─── Data to examine ───

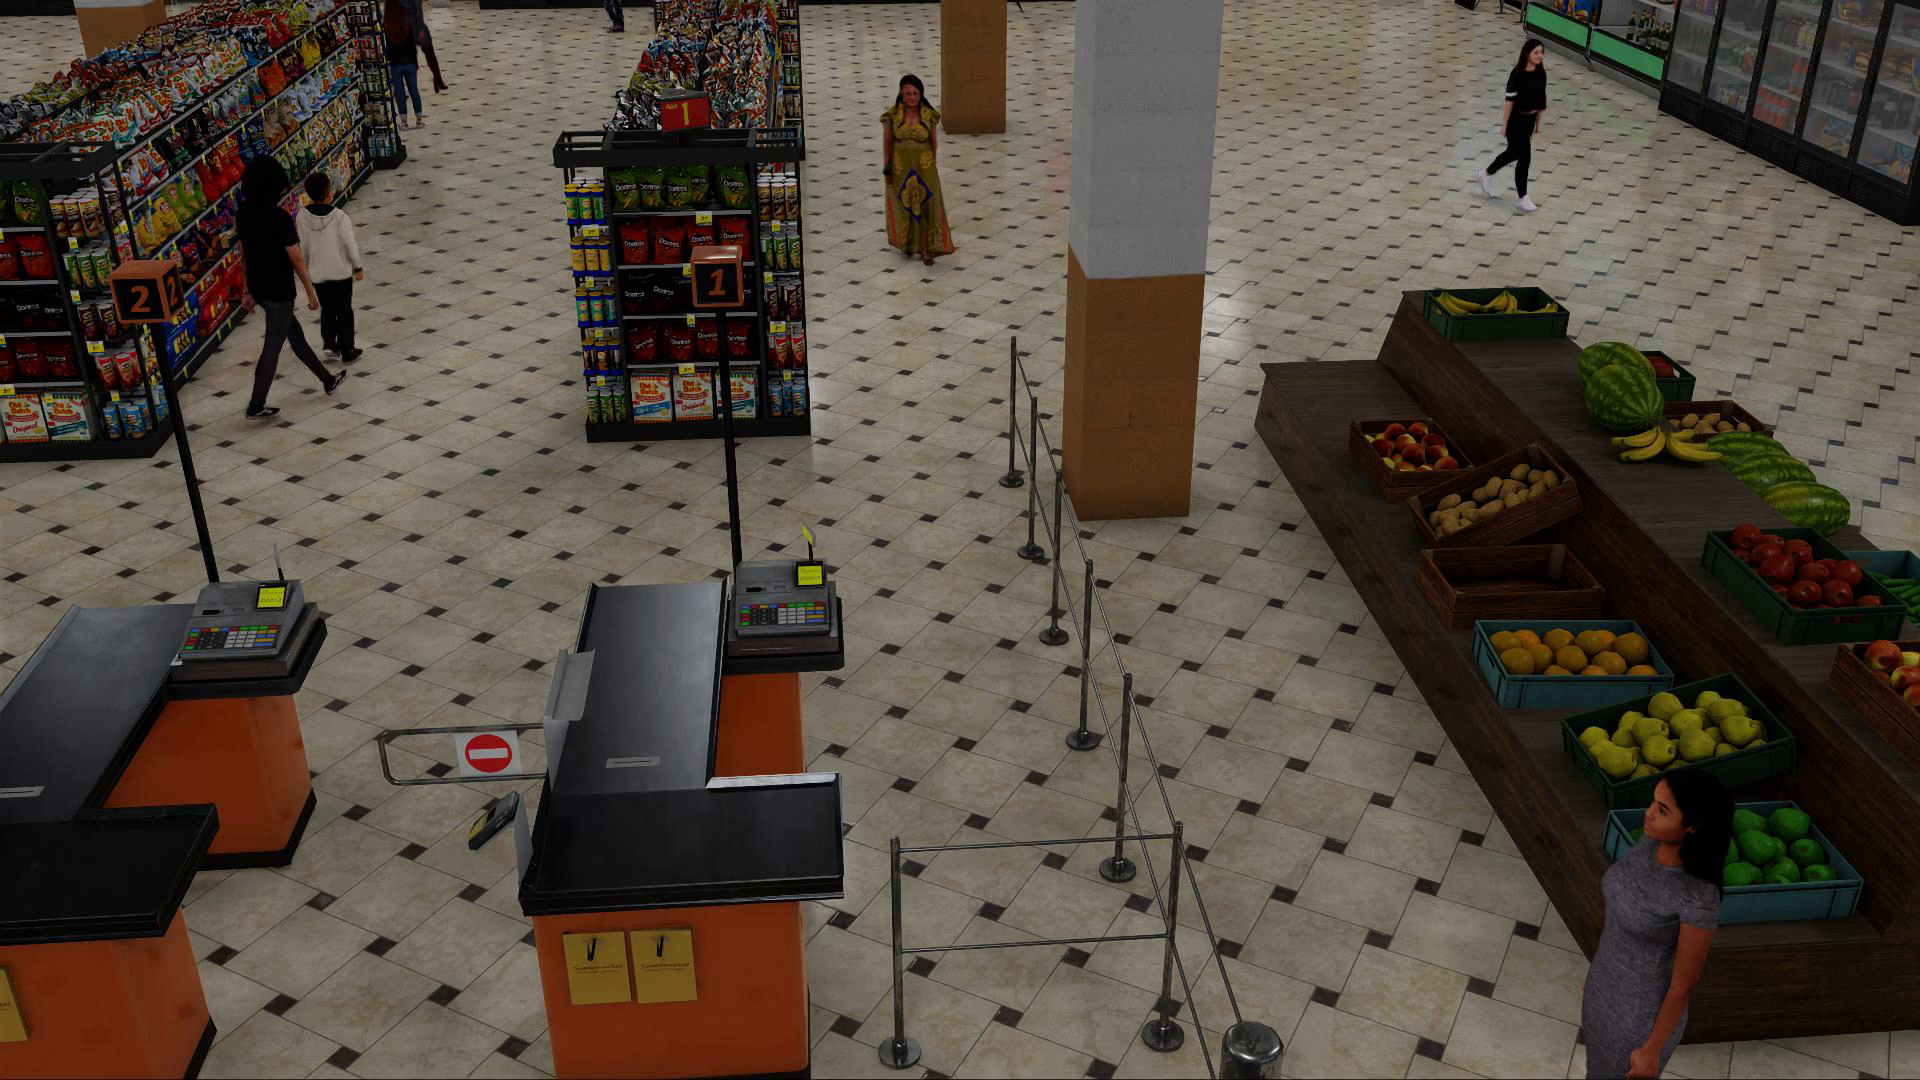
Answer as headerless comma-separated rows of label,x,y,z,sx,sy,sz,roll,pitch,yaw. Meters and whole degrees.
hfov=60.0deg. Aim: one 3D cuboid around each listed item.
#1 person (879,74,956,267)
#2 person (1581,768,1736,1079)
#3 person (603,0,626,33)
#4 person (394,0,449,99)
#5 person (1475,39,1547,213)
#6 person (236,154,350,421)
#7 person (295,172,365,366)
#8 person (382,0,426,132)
person,-0.437,-3.290,14.722,0.779,1.628,1.053,-3,27,-6
person,2.108,1.463,5.181,0.635,1.781,0.442,-2,27,-4
person,-5.128,-8.258,24.882,0.597,1.299,0.467,2,27,5
person,-6.847,-6.293,20.602,0.949,1.666,1.165,11,29,21
person,5.440,-4.075,16.289,0.885,1.611,1.165,-14,30,-25
person,-4.756,-1.663,11.352,1.062,1.774,1.206,14,30,26
person,-4.703,-1.977,12.336,0.648,1.444,0.642,3,27,6
person,-6.467,-5.510,19.259,0.638,1.484,0.656,-17,32,-31

───

### Exercise instructions
Please let your answer be exactly the lines from the one holding "#6 person (236,154,350,421)" through the last line of the entries above, both ends included.

### Answer to the exercise
#6 person (236,154,350,421)
#7 person (295,172,365,366)
#8 person (382,0,426,132)
person,-0.437,-3.290,14.722,0.779,1.628,1.053,-3,27,-6
person,2.108,1.463,5.181,0.635,1.781,0.442,-2,27,-4
person,-5.128,-8.258,24.882,0.597,1.299,0.467,2,27,5
person,-6.847,-6.293,20.602,0.949,1.666,1.165,11,29,21
person,5.440,-4.075,16.289,0.885,1.611,1.165,-14,30,-25
person,-4.756,-1.663,11.352,1.062,1.774,1.206,14,30,26
person,-4.703,-1.977,12.336,0.648,1.444,0.642,3,27,6
person,-6.467,-5.510,19.259,0.638,1.484,0.656,-17,32,-31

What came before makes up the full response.